REQUIREMENT –
Each record below is to be retyped exactly, with its pictures omitted.

AVAILABLE DATA –
+++

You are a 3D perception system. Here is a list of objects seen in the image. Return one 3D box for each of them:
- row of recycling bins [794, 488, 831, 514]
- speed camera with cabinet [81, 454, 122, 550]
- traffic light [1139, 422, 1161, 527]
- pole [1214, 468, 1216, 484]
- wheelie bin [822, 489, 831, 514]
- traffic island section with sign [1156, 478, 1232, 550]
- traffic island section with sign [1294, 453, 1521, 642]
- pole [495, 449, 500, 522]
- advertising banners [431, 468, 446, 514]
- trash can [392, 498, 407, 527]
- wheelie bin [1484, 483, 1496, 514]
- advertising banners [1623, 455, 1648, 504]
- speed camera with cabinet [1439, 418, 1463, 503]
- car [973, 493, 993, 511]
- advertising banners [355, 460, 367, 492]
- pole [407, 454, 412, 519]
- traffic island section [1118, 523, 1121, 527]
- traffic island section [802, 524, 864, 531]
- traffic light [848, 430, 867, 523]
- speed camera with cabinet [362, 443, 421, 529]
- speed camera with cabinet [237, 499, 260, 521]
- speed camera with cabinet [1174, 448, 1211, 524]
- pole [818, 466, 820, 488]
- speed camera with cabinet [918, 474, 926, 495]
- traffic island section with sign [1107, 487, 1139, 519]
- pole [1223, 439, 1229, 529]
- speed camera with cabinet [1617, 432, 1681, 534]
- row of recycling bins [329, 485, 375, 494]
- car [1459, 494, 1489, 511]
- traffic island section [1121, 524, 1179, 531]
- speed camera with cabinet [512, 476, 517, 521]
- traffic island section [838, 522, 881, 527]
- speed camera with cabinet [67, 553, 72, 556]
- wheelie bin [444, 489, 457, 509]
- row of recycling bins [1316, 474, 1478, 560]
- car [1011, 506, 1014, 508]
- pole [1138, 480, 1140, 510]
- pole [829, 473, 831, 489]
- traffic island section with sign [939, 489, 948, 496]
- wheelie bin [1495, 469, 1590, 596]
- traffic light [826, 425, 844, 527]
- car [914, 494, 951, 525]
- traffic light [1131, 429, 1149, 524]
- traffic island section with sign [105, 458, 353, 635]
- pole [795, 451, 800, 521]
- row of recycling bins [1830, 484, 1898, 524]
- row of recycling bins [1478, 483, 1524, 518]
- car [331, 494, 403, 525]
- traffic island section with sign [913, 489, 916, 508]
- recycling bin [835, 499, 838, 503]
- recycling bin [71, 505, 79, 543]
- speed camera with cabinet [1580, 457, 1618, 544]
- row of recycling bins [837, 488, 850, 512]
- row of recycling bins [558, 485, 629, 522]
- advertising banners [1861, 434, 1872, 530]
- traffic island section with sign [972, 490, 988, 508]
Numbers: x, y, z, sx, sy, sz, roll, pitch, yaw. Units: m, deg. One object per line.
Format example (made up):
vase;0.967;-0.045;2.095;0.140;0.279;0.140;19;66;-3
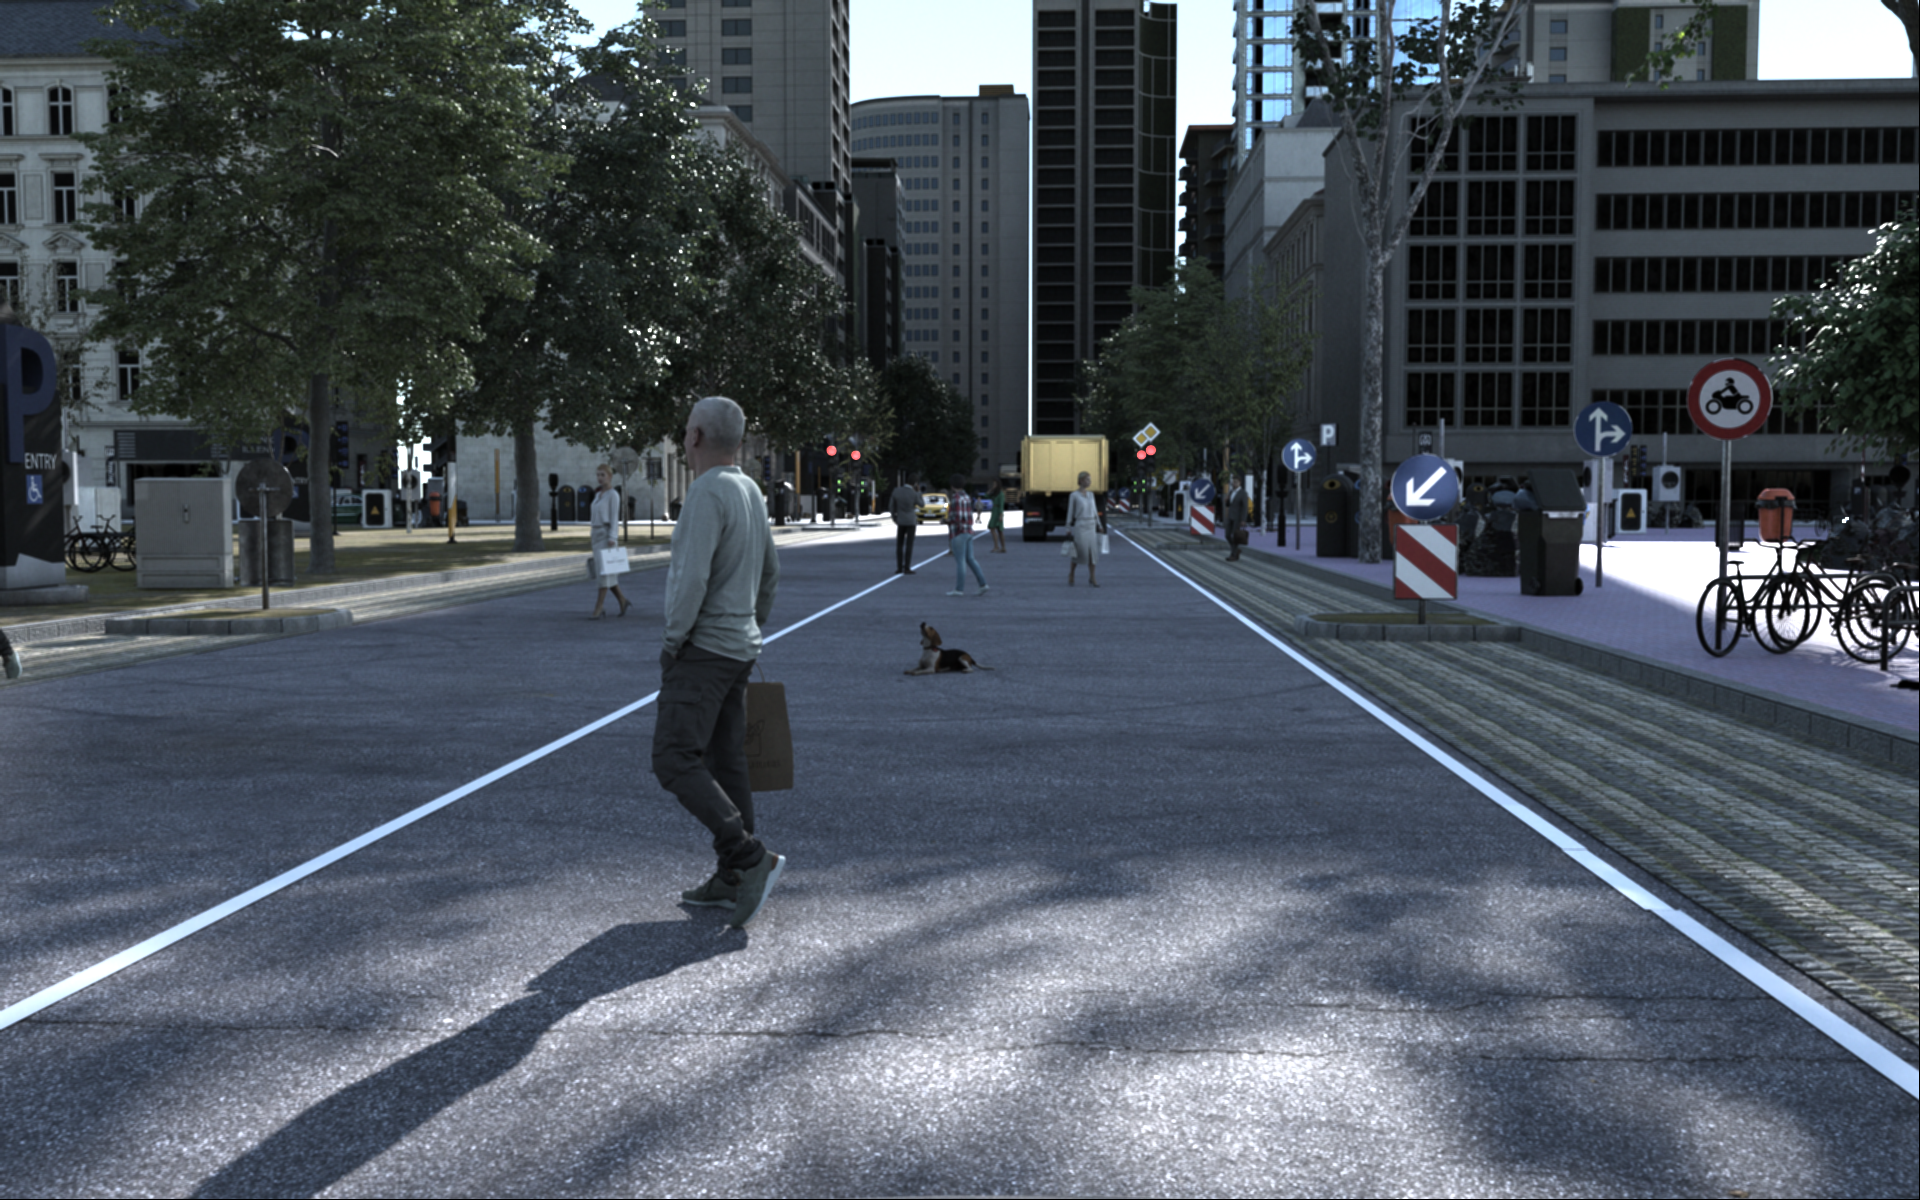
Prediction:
row of recycling bins;-10.280;-6.494;113.292;3.534;1.692;1.069;-2;4;-34
speed camera with cabinet;-20.108;-2.790;39.950;2.038;3.252;0.660;3;5;40
traffic light;7.395;-4.804;67.460;0.839;4.253;0.868;0;4;3
pole;19.810;-8.610;134.623;0.158;3.312;0.155;0;3;0
wheelie bin;-8.281;-6.216;109.539;0.693;1.594;0.980;2;4;28
traffic island section with sign;6.082;-2.205;44.687;1.989;1.847;2.006;0;4;3
traffic island section with sign;4.481;-0.555;17.697;1.989;1.847;2.006;0;4;3
pole;-21.030;-5.194;78.757;0.158;3.312;0.155;0;3;0
advertising banners;-37.805;-7.931;125.863;0.090;3.025;2.074;1;4;17
trash can;-21.955;-3.437;67.849;0.748;1.137;0.748;0;3;0
wheelie bin;9.737;-1.404;30.868;0.693;1.594;0.980;0;4;-1
advertising banners;29.726;-4.900;76.302;0.090;3.025;2.074;-1;4;-8
speed camera with cabinet;12.200;-3.085;44.778;2.038;3.252;0.660;-3;5;-41
car;2.039;-8.235;144.231;1.945;1.707;3.694;0;4;4
advertising banners;-31.366;-5.698;89.344;0.090;3.025;2.074;2;4;27
pole;-28.182;-5.801;88.681;0.158;3.312;0.155;0;3;0
traffic island section;7.907;-3.258;75.543;2.009;0.180;2.903;0;4;3
traffic island section;-5.035;-2.815;68.313;2.009;0.180;2.903;0;4;3
traffic light;-4.523;-5.335;76.147;0.839;4.253;0.868;0;4;3
speed camera with cabinet;-21.009;-4.261;64.006;2.038;3.252;0.660;-1;4;-10
speed camera with cabinet;-33.135;-5.362;81.997;2.038;3.252;0.660;-1;4;-14
speed camera with cabinet;10.094;-4.950;75.267;0.660;3.252;2.038;-2;4;-26
pole;-10.349;-8.158;127.231;0.158;3.312;0.155;0;3;0
speed camera with cabinet;-3.931;-9.593;151.177;2.038;3.252;0.660;-3;4;-36
traffic island section with sign;9.359;-5.595;100.099;1.989;1.847;2.006;0;4;3
pole;9.844;-4.296;64.088;0.158;3.312;0.155;0;3;0
speed camera with cabinet;21.852;-3.724;55.229;2.038;3.252;0.660;0;4;-3
row of recycling bins;-28.850;-4.470;80.201;3.534;1.692;1.069;-3;5;-40
car;21.204;-3.737;71.319;3.980;1.641;2.015;0;4;3
traffic island section;7.435;-2.770;67.572;2.009;0.180;2.903;0;4;3
speed camera with cabinet;-21.126;-5.430;83.111;0.660;3.252;2.038;-1;4;-19
traffic island section;-4.563;-3.303;76.284;2.009;0.180;2.903;0;4;3
speed camera with cabinet;-19.216;-2.512;35.413;2.038;3.252;0.660;-1;4;-19
wheelie bin;-30.322;-5.839;103.381;0.693;1.594;0.980;3;5;42
row of recycling bins;8.461;-1.666;34.357;1.069;1.692;3.534;-2;4;-32
car;4.669;-10.206;178.672;2.131;1.459;4.920;0;4;3
pole;14.126;-8.700;136.084;0.158;3.312;0.155;0;3;0
pole;-9.273;-7.971;124.164;0.158;3.312;0.155;0;3;0
traffic island section with sign;-1.141;-7.319;128.289;1.989;1.847;2.006;0;4;3
wheelie bin;7.458;-0.862;21.997;0.980;1.594;0.693;-1;4;-11
traffic light;-4.995;-4.847;68.176;0.839;4.253;0.868;0;4;3
car;-1.268;-4.421;82.512;2.015;1.641;3.980;0;4;4
traffic light;7.867;-5.291;75.431;0.839;4.253;0.868;0;4;3
traffic island section with sign;-7.659;-0.604;18.497;1.989;1.847;2.006;0;4;3
pole;-7.590;-5.334;81.059;0.158;3.312;0.155;0;3;0
row of recycling bins;38.877;-4.107;74.262;3.534;1.692;1.069;-1;4;-21
row of recycling bins;19.672;-3.330;61.559;3.534;1.692;1.069;3;4;39
car;-25.991;-3.743;72.993;4.920;1.459;2.131;0;4;4
traffic island section with sign;-2.778;-5.639;100.825;1.989;1.847;2.006;0;4;3
recycling bin;-6.613;-4.847;91.807;0.722;1.027;0.722;-3;4;-38
recycling bin;-23.342;-2.030;45.742;0.722;1.027;0.722;1;4;20
speed camera with cabinet;16.555;-3.136;45.604;0.660;3.252;2.038;0;4;1
row of recycling bins;-9.481;-7.106;123.301;3.534;1.692;1.069;1;4;12
row of recycling bins;-17.219;-4.542;81.376;3.534;1.692;1.069;1;4;13
advertising banners;20.413;-2.621;39.036;0.090;3.025;2.074;2;4;32
traffic island section with sign;1.806;-10.376;178.269;1.989;1.847;2.006;0;4;3

+++

WRITTEN REPLY –
You are a 3D perception system. Here is a list of objects seen in the image. Return one 3D box for each of them:
- row of recycling bins [794, 488, 831, 514]
- speed camera with cabinet [81, 454, 122, 550]
- traffic light [1139, 422, 1161, 527]
- pole [1214, 468, 1216, 484]
- wheelie bin [822, 489, 831, 514]
- traffic island section with sign [1156, 478, 1232, 550]
- traffic island section with sign [1294, 453, 1521, 642]
- pole [495, 449, 500, 522]
- advertising banners [431, 468, 446, 514]
- trash can [392, 498, 407, 527]
- wheelie bin [1484, 483, 1496, 514]
- advertising banners [1623, 455, 1648, 504]
- speed camera with cabinet [1439, 418, 1463, 503]
- car [973, 493, 993, 511]
- advertising banners [355, 460, 367, 492]
- pole [407, 454, 412, 519]
- traffic island section [1118, 523, 1121, 527]
- traffic island section [802, 524, 864, 531]
- traffic light [848, 430, 867, 523]
- speed camera with cabinet [362, 443, 421, 529]
- speed camera with cabinet [237, 499, 260, 521]
- speed camera with cabinet [1174, 448, 1211, 524]
- pole [818, 466, 820, 488]
- speed camera with cabinet [918, 474, 926, 495]
- traffic island section with sign [1107, 487, 1139, 519]
- pole [1223, 439, 1229, 529]
- speed camera with cabinet [1617, 432, 1681, 534]
- row of recycling bins [329, 485, 375, 494]
- car [1459, 494, 1489, 511]
- traffic island section [1121, 524, 1179, 531]
- speed camera with cabinet [512, 476, 517, 521]
- traffic island section [838, 522, 881, 527]
- speed camera with cabinet [67, 553, 72, 556]
- wheelie bin [444, 489, 457, 509]
- row of recycling bins [1316, 474, 1478, 560]
- car [1011, 506, 1014, 508]
- pole [1138, 480, 1140, 510]
- pole [829, 473, 831, 489]
- traffic island section with sign [939, 489, 948, 496]
- wheelie bin [1495, 469, 1590, 596]
- traffic light [826, 425, 844, 527]
- car [914, 494, 951, 525]
- traffic light [1131, 429, 1149, 524]
- traffic island section with sign [105, 458, 353, 635]
- pole [795, 451, 800, 521]
- row of recycling bins [1830, 484, 1898, 524]
- row of recycling bins [1478, 483, 1524, 518]
- car [331, 494, 403, 525]
- traffic island section with sign [913, 489, 916, 508]
- recycling bin [835, 499, 838, 503]
- recycling bin [71, 505, 79, 543]
- speed camera with cabinet [1580, 457, 1618, 544]
- row of recycling bins [837, 488, 850, 512]
- row of recycling bins [558, 485, 629, 522]
- advertising banners [1861, 434, 1872, 530]
- traffic island section with sign [972, 490, 988, 508]
Numbers: x, y, z, sx, sy, sz, roll, pitch, yaw. Units: m, deg. One object per line.
Format example (made up):
vase;0.967;-0.045;2.095;0.140;0.279;0.140;19;66;-3
Prediction:
row of recycling bins;-10.280;-6.494;113.292;3.534;1.692;1.069;-2;4;-34
speed camera with cabinet;-20.108;-2.790;39.950;2.038;3.252;0.660;3;5;40
traffic light;7.395;-4.804;67.460;0.839;4.253;0.868;0;4;3
pole;19.810;-8.610;134.623;0.158;3.312;0.155;0;3;0
wheelie bin;-8.281;-6.216;109.539;0.693;1.594;0.980;2;4;28
traffic island section with sign;6.082;-2.205;44.687;1.989;1.847;2.006;0;4;3
traffic island section with sign;4.481;-0.555;17.697;1.989;1.847;2.006;0;4;3
pole;-21.030;-5.194;78.757;0.158;3.312;0.155;0;3;0
advertising banners;-37.805;-7.931;125.863;0.090;3.025;2.074;1;4;17
trash can;-21.955;-3.437;67.849;0.748;1.137;0.748;0;3;0
wheelie bin;9.737;-1.404;30.868;0.693;1.594;0.980;0;4;-1
advertising banners;29.726;-4.900;76.302;0.090;3.025;2.074;-1;4;-8
speed camera with cabinet;12.200;-3.085;44.778;2.038;3.252;0.660;-3;5;-41
car;2.039;-8.235;144.231;1.945;1.707;3.694;0;4;4
advertising banners;-31.366;-5.698;89.344;0.090;3.025;2.074;2;4;27
pole;-28.182;-5.801;88.681;0.158;3.312;0.155;0;3;0
traffic island section;7.907;-3.258;75.543;2.009;0.180;2.903;0;4;3
traffic island section;-5.035;-2.815;68.313;2.009;0.180;2.903;0;4;3
traffic light;-4.523;-5.335;76.147;0.839;4.253;0.868;0;4;3
speed camera with cabinet;-21.009;-4.261;64.006;2.038;3.252;0.660;-1;4;-10
speed camera with cabinet;-33.135;-5.362;81.997;2.038;3.252;0.660;-1;4;-14
speed camera with cabinet;10.094;-4.950;75.267;0.660;3.252;2.038;-2;4;-26
pole;-10.349;-8.158;127.231;0.158;3.312;0.155;0;3;0
speed camera with cabinet;-3.931;-9.593;151.177;2.038;3.252;0.660;-3;4;-36
traffic island section with sign;9.359;-5.595;100.099;1.989;1.847;2.006;0;4;3
pole;9.844;-4.296;64.088;0.158;3.312;0.155;0;3;0
speed camera with cabinet;21.852;-3.724;55.229;2.038;3.252;0.660;0;4;-3
row of recycling bins;-28.850;-4.470;80.201;3.534;1.692;1.069;-3;5;-40
car;21.204;-3.737;71.319;3.980;1.641;2.015;0;4;3
traffic island section;7.435;-2.770;67.572;2.009;0.180;2.903;0;4;3
speed camera with cabinet;-21.126;-5.430;83.111;0.660;3.252;2.038;-1;4;-19
traffic island section;-4.563;-3.303;76.284;2.009;0.180;2.903;0;4;3
speed camera with cabinet;-19.216;-2.512;35.413;2.038;3.252;0.660;-1;4;-19
wheelie bin;-30.322;-5.839;103.381;0.693;1.594;0.980;3;5;42
row of recycling bins;8.461;-1.666;34.357;1.069;1.692;3.534;-2;4;-32
car;4.669;-10.206;178.672;2.131;1.459;4.920;0;4;3
pole;14.126;-8.700;136.084;0.158;3.312;0.155;0;3;0
pole;-9.273;-7.971;124.164;0.158;3.312;0.155;0;3;0
traffic island section with sign;-1.141;-7.319;128.289;1.989;1.847;2.006;0;4;3
wheelie bin;7.458;-0.862;21.997;0.980;1.594;0.693;-1;4;-11
traffic light;-4.995;-4.847;68.176;0.839;4.253;0.868;0;4;3
car;-1.268;-4.421;82.512;2.015;1.641;3.980;0;4;4
traffic light;7.867;-5.291;75.431;0.839;4.253;0.868;0;4;3
traffic island section with sign;-7.659;-0.604;18.497;1.989;1.847;2.006;0;4;3
pole;-7.590;-5.334;81.059;0.158;3.312;0.155;0;3;0
row of recycling bins;38.877;-4.107;74.262;3.534;1.692;1.069;-1;4;-21
row of recycling bins;19.672;-3.330;61.559;3.534;1.692;1.069;3;4;39
car;-25.991;-3.743;72.993;4.920;1.459;2.131;0;4;4
traffic island section with sign;-2.778;-5.639;100.825;1.989;1.847;2.006;0;4;3
recycling bin;-6.613;-4.847;91.807;0.722;1.027;0.722;-3;4;-38
recycling bin;-23.342;-2.030;45.742;0.722;1.027;0.722;1;4;20
speed camera with cabinet;16.555;-3.136;45.604;0.660;3.252;2.038;0;4;1
row of recycling bins;-9.481;-7.106;123.301;3.534;1.692;1.069;1;4;12
row of recycling bins;-17.219;-4.542;81.376;3.534;1.692;1.069;1;4;13
advertising banners;20.413;-2.621;39.036;0.090;3.025;2.074;2;4;32
traffic island section with sign;1.806;-10.376;178.269;1.989;1.847;2.006;0;4;3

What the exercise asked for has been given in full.